Your answer should consist of the lines below that hold the word "Molecular".

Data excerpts
============================================================
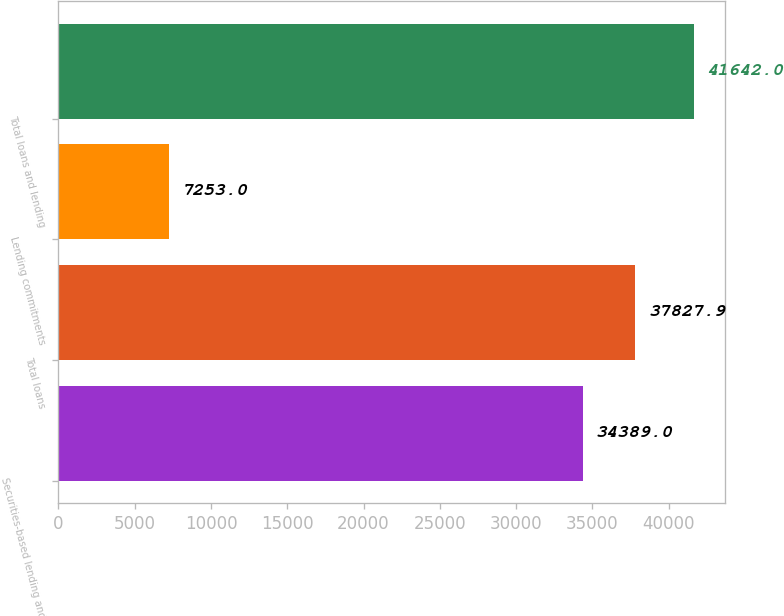Convert chart to OTSL. <chart><loc_0><loc_0><loc_500><loc_500><bar_chart><fcel>Securities-based lending and<fcel>Total loans<fcel>Lending commitments<fcel>Total loans and lending<nl><fcel>34389<fcel>37827.9<fcel>7253<fcel>41642<nl></chart> 
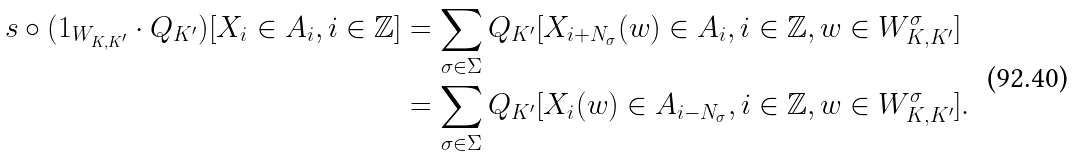<formula> <loc_0><loc_0><loc_500><loc_500>s \circ ( 1 _ { W _ { K , K ^ { \prime } } } \cdot Q _ { K ^ { \prime } } ) [ X _ { i } \in A _ { i } , i \in \mathbb { Z } ] & = \sum _ { \sigma \in \Sigma } Q _ { K ^ { \prime } } [ X _ { i + N _ { \sigma } } ( w ) \in A _ { i } , i \in \mathbb { Z } , w \in W _ { K , K ^ { \prime } } ^ { \sigma } ] \\ & = \sum _ { \sigma \in \Sigma } Q _ { K ^ { \prime } } [ X _ { i } ( w ) \in A _ { i - N _ { \sigma } } , i \in \mathbb { Z } , w \in W _ { K , K ^ { \prime } } ^ { \sigma } ] .</formula> 
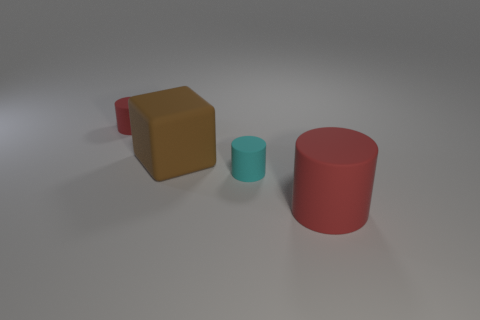Subtract all red cylinders. How many were subtracted if there are1red cylinders left? 1 Subtract all red matte cylinders. How many cylinders are left? 1 Subtract all red cylinders. How many cylinders are left? 1 Subtract all yellow blocks. How many red cylinders are left? 2 Add 4 cyan matte cylinders. How many objects exist? 8 Subtract all blocks. How many objects are left? 3 Subtract 1 cubes. How many cubes are left? 0 Add 3 cyan cylinders. How many cyan cylinders are left? 4 Add 2 big blue metallic blocks. How many big blue metallic blocks exist? 2 Subtract 0 green cylinders. How many objects are left? 4 
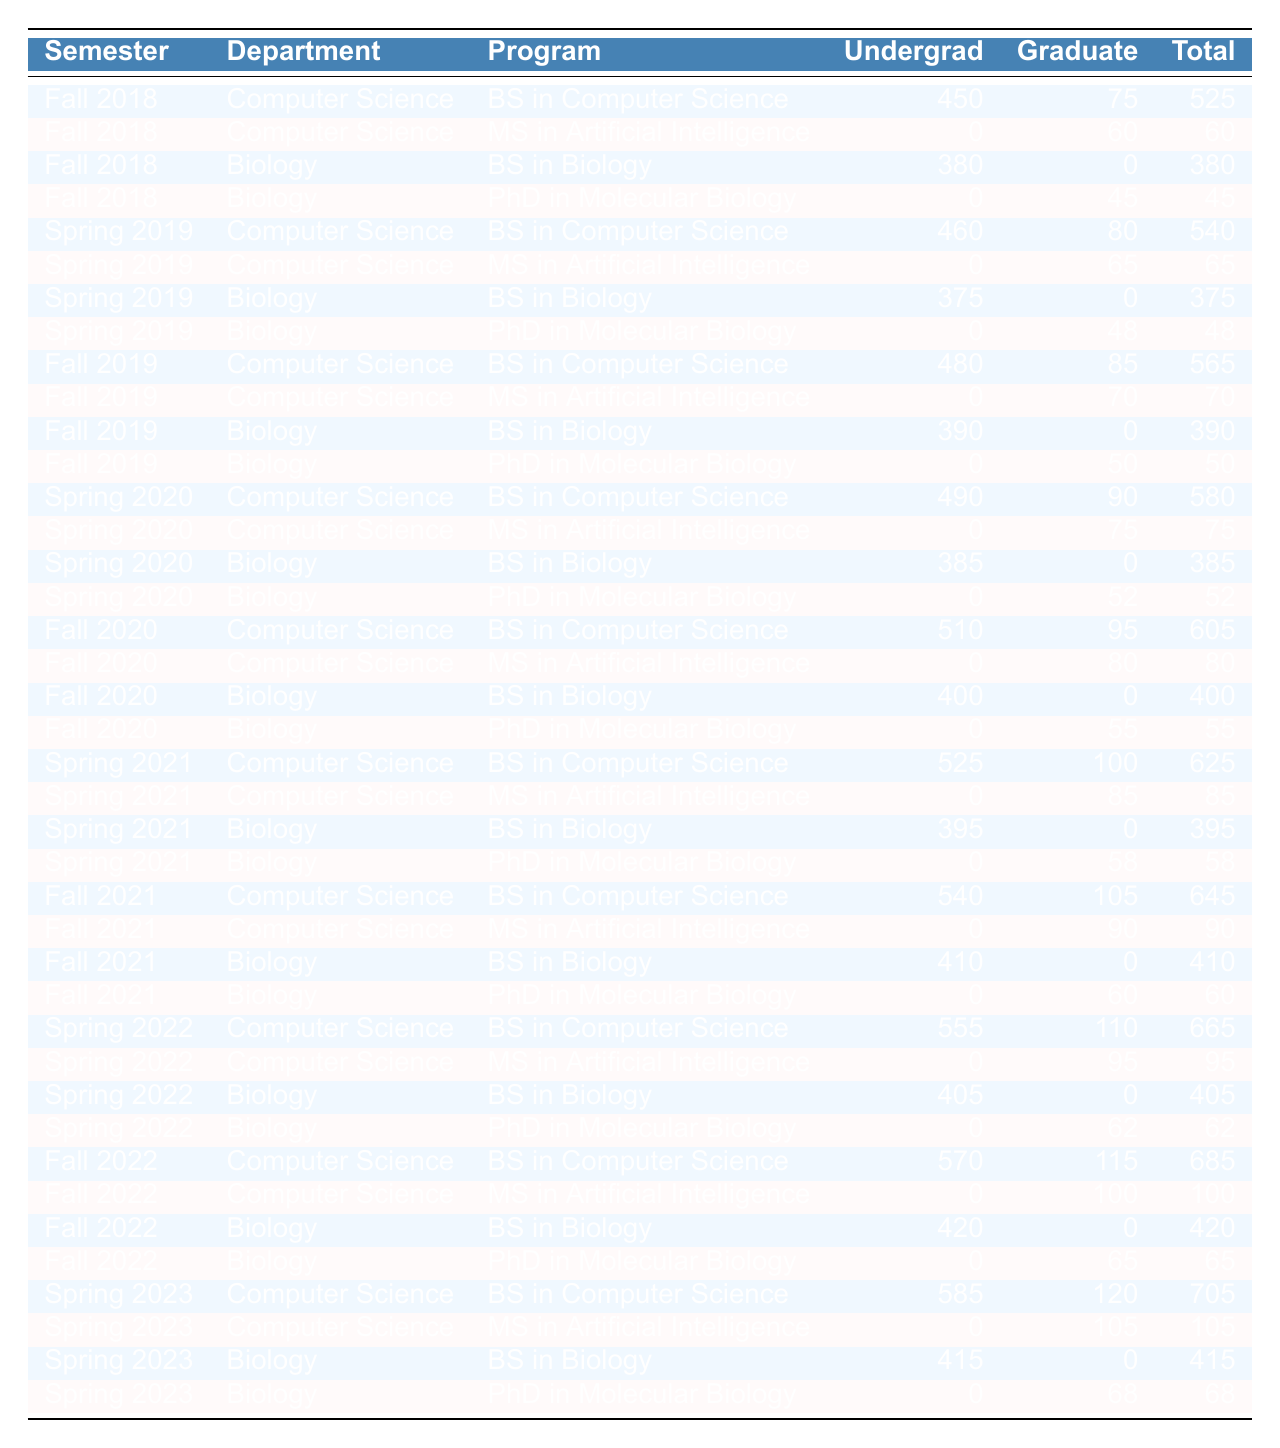What is the total undergraduate enrollment for the Computer Science department in Fall 2021? From the table, I observe that in Fall 2021, the undergraduate enrollment for the Computer Science department (BS in Computer Science) is 540.
Answer: 540 How many total graduates were enrolled in the PhD in Molecular Biology program over all semesters? I check the table for the total graduate enrollment in the PhD in Molecular Biology program across all semesters. Adding up the values: 45 (Fall 2018) + 48 (Spring 2019) + 50 (Fall 2019) + 52 (Spring 2020) + 55 (Fall 2020) + 58 (Spring 2021) + 60 (Fall 2021) + 62 (Spring 2022) + 65 (Fall 2022) + 68 (Spring 2023) results in 60 + 68 + 62 + 60 + 55 + 52 + 50 + 48 + 45 = 548.
Answer: 548 In which semester did the Computer Science program (MS in Artificial Intelligence) have the highest total enrollment? I examine the rows for the MS in Artificial Intelligence program for each semester, noting the total enrollments: 60 (Fall 2018), 65 (Spring 2019), 70 (Fall 2019), 75 (Spring 2020), 80 (Fall 2020), 85 (Spring 2021), 90 (Fall 2021), 95 (Spring 2022), 100 (Fall 2022), and 105 (Spring 2023). The highest total enrollment was in Spring 2023 with 105.
Answer: Spring 2023 What was the average total enrollment for the Biology department across all semesters? To find the average total enrollment for the Biology department, I first list the total enrollment values: 380, 45, 375, 48, 390, 50, 385, 52, 400, 55, 395, 58, 410, 60, 405, 62, 420, 65, 415, 68. Summing these values gives 4398. There are 10 semesters, so the average is 4398 / 20 = 219.9.
Answer: 219.9 Did the undergraduate enrollment in the Computer Science BS program increase every semester? A quick scan through the Computer Science BS program data shows the following undergraduate enrollments over the semesters: 450, 460, 480, 490, 510, 525, 540, 555, 570, 585. Each value increases from the previous semester: thus, there is no decrease.
Answer: Yes What is the difference between the highest and lowest total enrollment in the Computer Science department? By examining the total enrollments, I find 705 (Spring 2023) as the highest and 60 (Fall 2018, MS in AI) as the lowest in total enrollment. The difference between them is 705 - 60 = 645.
Answer: 645 Which program showed the most consistent increase in graduate enrollment over the years? I review the graduate enrollment for all programs and find the MS in Artificial Intelligence enrollment yearly: 60, 65, 70, 75, 80, 85, 90, 95, 100, 105. Every semester shows a clear increase. The PhD in Molecular Biology fluctuated and had some years with no growth. Thus, MS in AI is the most consistent.
Answer: MS in Artificial Intelligence What was the total enrollment for the BS in Biology in Spring 2022? Referring to the table, in Spring 2022, the total enrollment for the BS in Biology is 405.
Answer: 405 In Fall 2020, what percentage of the total enrollment in Biology was constituted by graduate students? The total enrollment for the Biology department in Fall 2020 is 400 (BS) + 55 (PhD) = 455. The graduate enrollment is 55. To find the percentage of graduate students, calculate (55 / 455) * 100 = 12.1%.
Answer: 12.1% What is the trend of total enrollment in undergraduate programs for the Computer Science department over the 10 semesters? Looking at the undergraduate enrollment numbers for the Computer Science department, it shows consistent growth: 450, 460, 480, 490, 510, 525, 540, 555, 570, and 585. This indicates a positive trend in enrollment over the semesters.
Answer: Consistent increase 
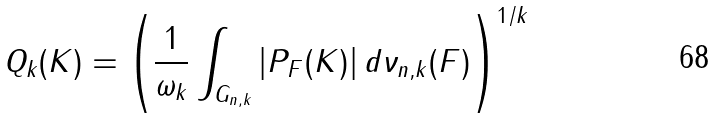Convert formula to latex. <formula><loc_0><loc_0><loc_500><loc_500>Q _ { k } ( K ) = \left ( \frac { 1 } { \omega _ { k } } \int _ { G _ { n , k } } | P _ { F } ( K ) | \, d \nu _ { n , k } ( F ) \right ) ^ { 1 / k }</formula> 
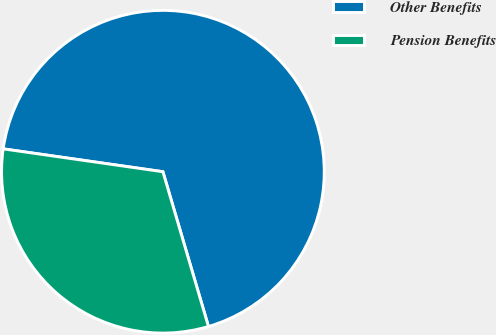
============================================================
*Expected answer*.
Answer: 540 How many total graduates were enrolled in the PhD in Molecular Biology program over all semesters? I check the table for the total graduate enrollment in the PhD in Molecular Biology program across all semesters. Adding up the values: 45 (Fall 2018) + 48 (Spring 2019) + 50 (Fall 2019) + 52 (Spring 2020) + 55 (Fall 2020) + 58 (Spring 2021) + 60 (Fall 2021) + 62 (Spring 2022) + 65 (Fall 2022) + 68 (Spring 2023) results in 60 + 68 + 62 + 60 + 55 + 52 + 50 + 48 + 45 = 548.
Answer: 645 Which program showed the most consistent increase in graduate enrollment over the years? I review the graduate enrollment for all programs and find the MS in Artificial Intelligence enrollment yearly: 60, 65, 70, 75, 80, 85, 90, 95, 100, 105. Every semester shows a clear increase. The PhD in Molecular Biology fluctuated and had some years with no growth. Thus, MS in AI is the most consistent.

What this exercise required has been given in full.